(Task material)

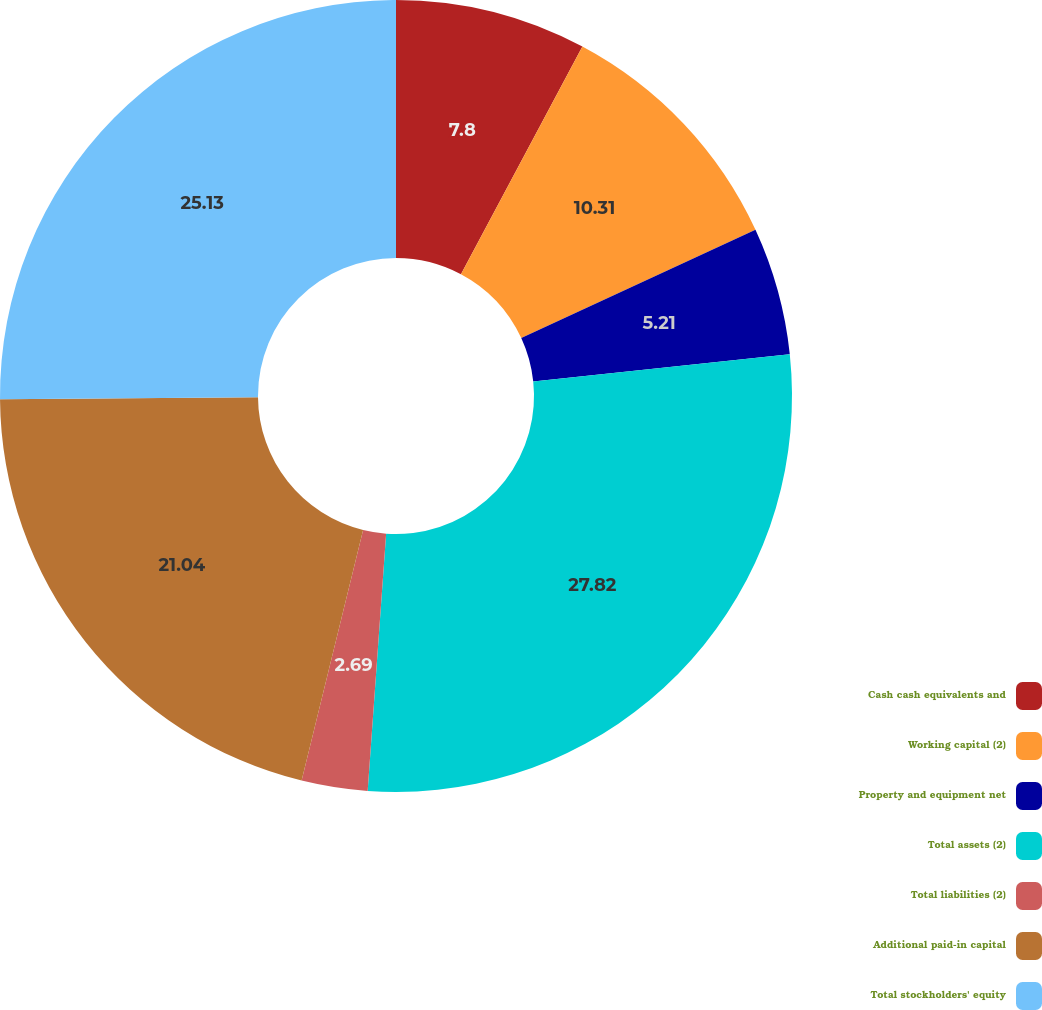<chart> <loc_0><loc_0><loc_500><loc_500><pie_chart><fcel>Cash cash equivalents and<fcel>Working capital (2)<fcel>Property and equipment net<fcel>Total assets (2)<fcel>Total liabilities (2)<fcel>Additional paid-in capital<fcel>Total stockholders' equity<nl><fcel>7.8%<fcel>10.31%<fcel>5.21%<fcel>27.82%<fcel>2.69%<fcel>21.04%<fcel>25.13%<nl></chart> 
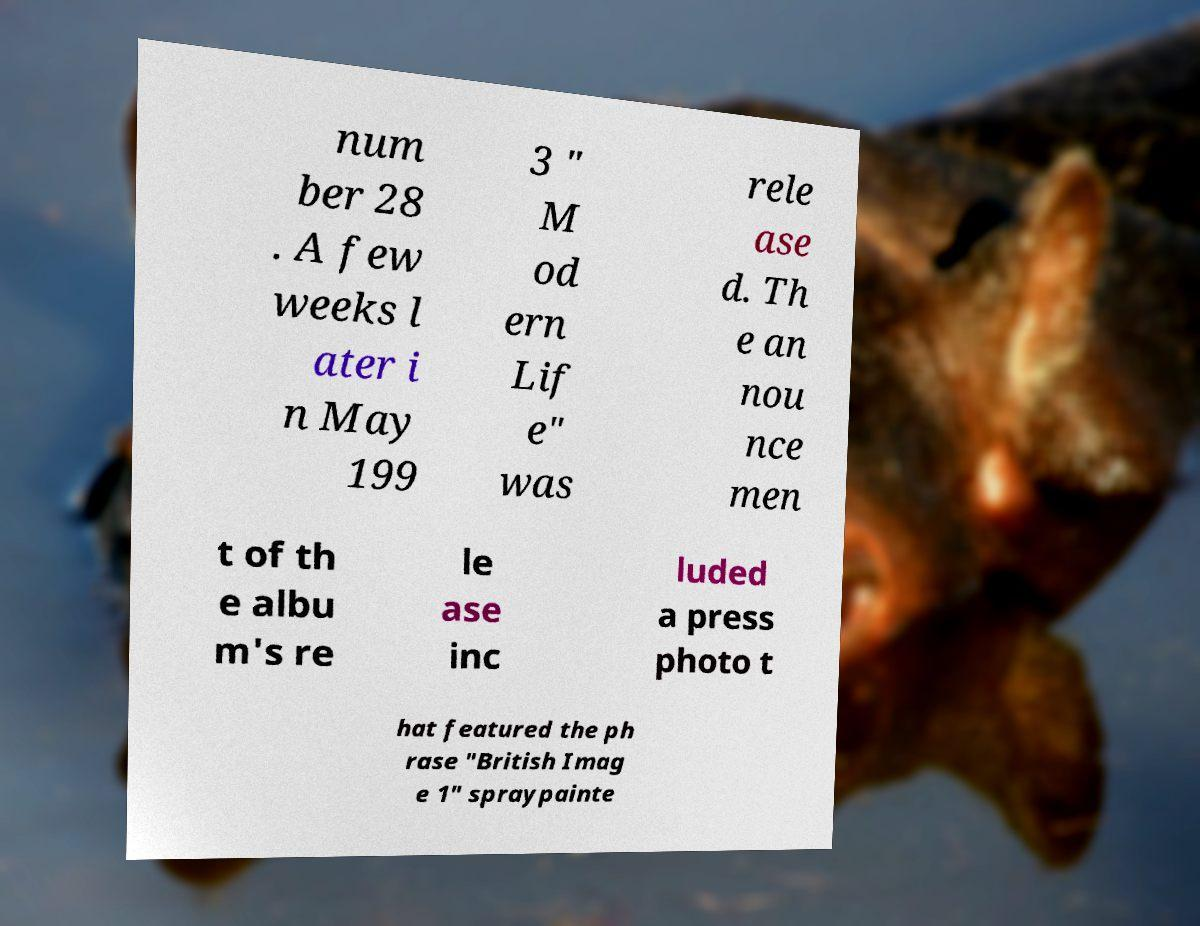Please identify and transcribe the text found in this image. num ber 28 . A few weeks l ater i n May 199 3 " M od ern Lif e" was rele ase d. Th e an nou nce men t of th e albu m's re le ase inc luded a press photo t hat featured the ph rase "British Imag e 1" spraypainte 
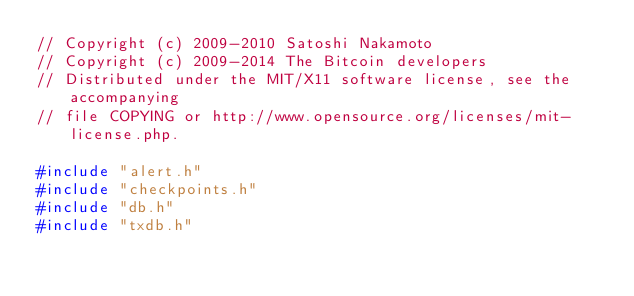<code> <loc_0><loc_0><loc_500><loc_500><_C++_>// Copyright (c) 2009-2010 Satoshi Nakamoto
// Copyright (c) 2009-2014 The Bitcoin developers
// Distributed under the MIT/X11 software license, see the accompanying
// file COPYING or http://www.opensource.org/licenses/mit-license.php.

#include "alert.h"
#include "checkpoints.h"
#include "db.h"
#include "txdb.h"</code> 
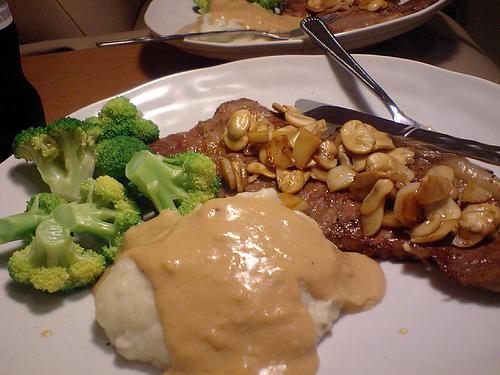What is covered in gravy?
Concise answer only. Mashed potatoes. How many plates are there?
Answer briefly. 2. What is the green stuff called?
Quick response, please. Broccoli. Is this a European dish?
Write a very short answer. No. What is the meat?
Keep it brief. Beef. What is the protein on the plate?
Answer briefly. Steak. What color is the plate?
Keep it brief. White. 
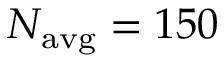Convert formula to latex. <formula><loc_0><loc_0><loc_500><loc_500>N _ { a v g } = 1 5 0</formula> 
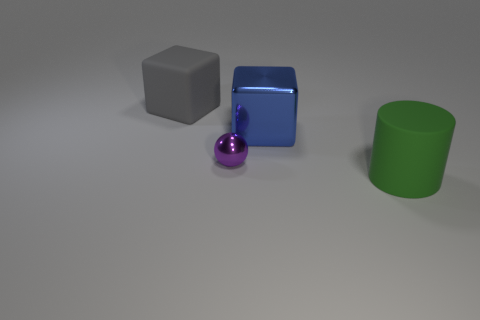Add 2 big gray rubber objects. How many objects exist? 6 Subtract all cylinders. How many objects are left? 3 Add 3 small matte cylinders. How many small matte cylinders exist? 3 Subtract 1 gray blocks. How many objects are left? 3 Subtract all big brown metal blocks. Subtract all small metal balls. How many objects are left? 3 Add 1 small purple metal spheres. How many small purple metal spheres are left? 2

(End Task material)

What you will do: Would you return the whole listing above exactly as written, skipping any image?

Exercise solution:
<chart> <loc_0><loc_0><loc_500><loc_500><pie_chart><fcel>Cash cash equivalents and<fcel>Working capital (2)<fcel>Property and equipment net<fcel>Total assets (2)<fcel>Total liabilities (2)<fcel>Additional paid-in capital<fcel>Total stockholders' equity<nl><fcel>7.8%<fcel>10.31%<fcel>5.21%<fcel>27.82%<fcel>2.69%<fcel>21.04%<fcel>25.13%<nl></chart> 
Please identify and transcribe the text found in this image. num ber 28 . A few weeks l ater i n May 199 3 " M od ern Lif e" was rele ase d. Th e an nou nce men t of th e albu m's re le ase inc luded a press photo t hat featured the ph rase "British Imag e 1" spraypainte 
<code> <loc_0><loc_0><loc_500><loc_500><_C++_>// Copyright (c) 2009-2010 Satoshi Nakamoto
// Copyright (c) 2009-2014 The Bitcoin developers
// Distributed under the MIT/X11 software license, see the accompanying
// file COPYING or http://www.opensource.org/licenses/mit-license.php.

#include "alert.h"
#include "checkpoints.h"
#include "db.h"
#include "txdb.h"</code> 
What is covered in gravy?
Concise answer only. Mashed potatoes. How many plates are there?
Answer briefly. 2. What is the green stuff called?
Quick response, please. Broccoli. Is this a European dish?
Write a very short answer. No. What is the meat?
Keep it brief. Beef. What is the protein on the plate?
Answer briefly. Steak. What color is the plate?
Keep it brief. White. 
Convert formula to latex. <formula><loc_0><loc_0><loc_500><loc_500>N _ { a v g } = 1 5 0</formula> 
Add 2 big gray rubber objects. How many objects exist? 6 Subtract all cylinders. How many objects are left? 3 Add 3 small matte cylinders. How many small matte cylinders exist? 3 Subtract 1 gray blocks. How many objects are left? 3 Subtract all big brown metal blocks. Subtract all small metal balls. How many objects are left? 3 Add 1 small purple metal spheres. How many small purple metal spheres are left? 2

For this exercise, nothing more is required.